2.1 KiB
Installation
vLLM initially supports basic model inferencing and serving on Intel GPU platform.
:::{attention} There are no pre-built wheels or images for this device, so you must build vLLM from source. :::
Requirements
- Supported Hardware: Intel Data Center GPU, Intel ARC GPU
- OneAPI requirements: oneAPI 2024.2
Set up using Python
Pre-built wheels
Currently, there are no pre-built XPU wheels.
Build wheel from source
- First, install required driver and intel OneAPI 2024.2 or later.

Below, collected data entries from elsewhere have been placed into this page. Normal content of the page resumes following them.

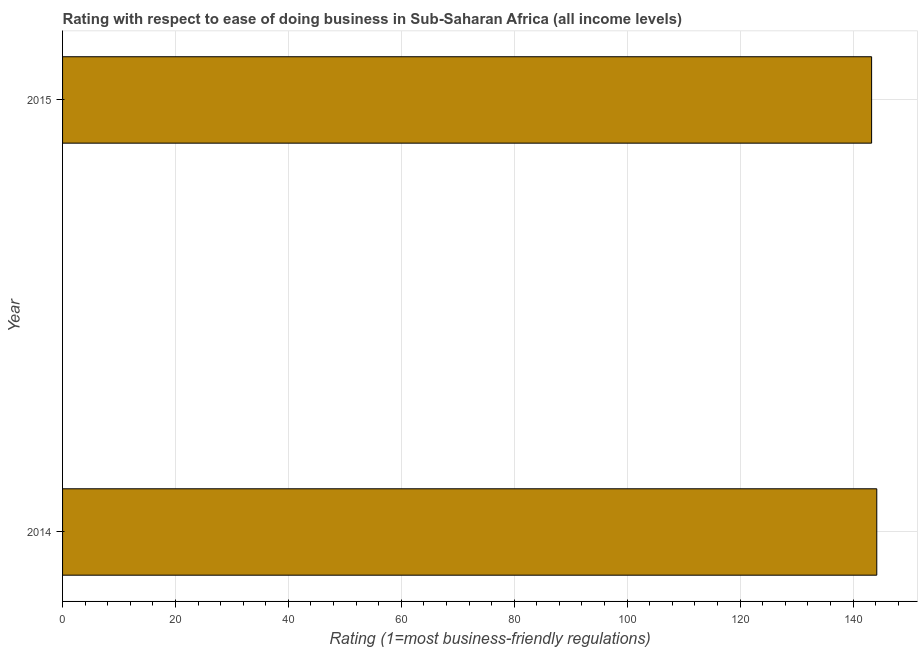Does the graph contain any zero values?
Offer a very short reply. No. Does the graph contain grids?
Your answer should be compact. Yes. What is the title of the graph?
Ensure brevity in your answer.  Rating with respect to ease of doing business in Sub-Saharan Africa (all income levels). What is the label or title of the X-axis?
Provide a short and direct response. Rating (1=most business-friendly regulations). What is the label or title of the Y-axis?
Your answer should be compact. Year. What is the ease of doing business index in 2015?
Ensure brevity in your answer.  143.3. Across all years, what is the maximum ease of doing business index?
Keep it short and to the point. 144.21. Across all years, what is the minimum ease of doing business index?
Your answer should be compact. 143.3. In which year was the ease of doing business index maximum?
Provide a short and direct response. 2014. In which year was the ease of doing business index minimum?
Make the answer very short. 2015. What is the sum of the ease of doing business index?
Your response must be concise. 287.51. What is the difference between the ease of doing business index in 2014 and 2015?
Your answer should be compact. 0.92. What is the average ease of doing business index per year?
Offer a terse response. 143.75. What is the median ease of doing business index?
Provide a short and direct response. 143.76. Do a majority of the years between 2015 and 2014 (inclusive) have ease of doing business index greater than 52 ?
Provide a short and direct response. No. Is the ease of doing business index in 2014 less than that in 2015?
Provide a short and direct response. No. In how many years, is the ease of doing business index greater than the average ease of doing business index taken over all years?
Offer a very short reply. 1. How many bars are there?
Your response must be concise. 2. How many years are there in the graph?
Your answer should be compact. 2. What is the difference between two consecutive major ticks on the X-axis?
Offer a terse response. 20. What is the Rating (1=most business-friendly regulations) in 2014?
Provide a short and direct response. 144.21. What is the Rating (1=most business-friendly regulations) of 2015?
Make the answer very short. 143.3. What is the difference between the Rating (1=most business-friendly regulations) in 2014 and 2015?
Ensure brevity in your answer.  0.91. What is the ratio of the Rating (1=most business-friendly regulations) in 2014 to that in 2015?
Your answer should be very brief. 1.01.

- Second, install Python packages for vLLM XPU backend building:
source /opt/intel/oneapi/setvars.sh
pip install --upgrade pip
pip install -v -r requirements/xpu.txt
- Finally, build and install vLLM XPU backend:
VLLM_TARGET_DEVICE=xpu python setup.py install
:::{note}
- FP16 is the default data type in the current XPU backend. The BF16 data type is supported on Intel Data Center GPU, not supported on Intel Arc GPU yet. :::
Set up using Docker
Pre-built images
Currently, there are no pre-built XPU images.
Build image from source
$ docker build -f Dockerfile.xpu -t vllm-xpu-env --shm-size=4g .
$ docker run -it \
--rm \
--network=host \
--device /dev/dri \
-v /dev/dri/by-path:/dev/dri/by-path \
vllm-xpu-env
Supported features
XPU platform supports tensor-parallel inference/serving and also supports pipeline parallel as a beta feature for online serving. We requires Ray as the distributed runtime backend. For example, a reference execution likes following:
python -m vllm.entrypoints.openai.api_server \
--model=facebook/opt-13b \
--dtype=bfloat16 \
--device=xpu \
--max_model_len=1024 \
--distributed-executor-backend=ray \
--pipeline-parallel-size=2 \
-tp=8
By default, a ray instance will be launched automatically if no existing one is detected in system, with num-gpus
equals to parallel_config.world_size
. We recommend properly starting a ray cluster before execution, referring to the gh-file:examples/online_serving/run_cluster.sh helper script.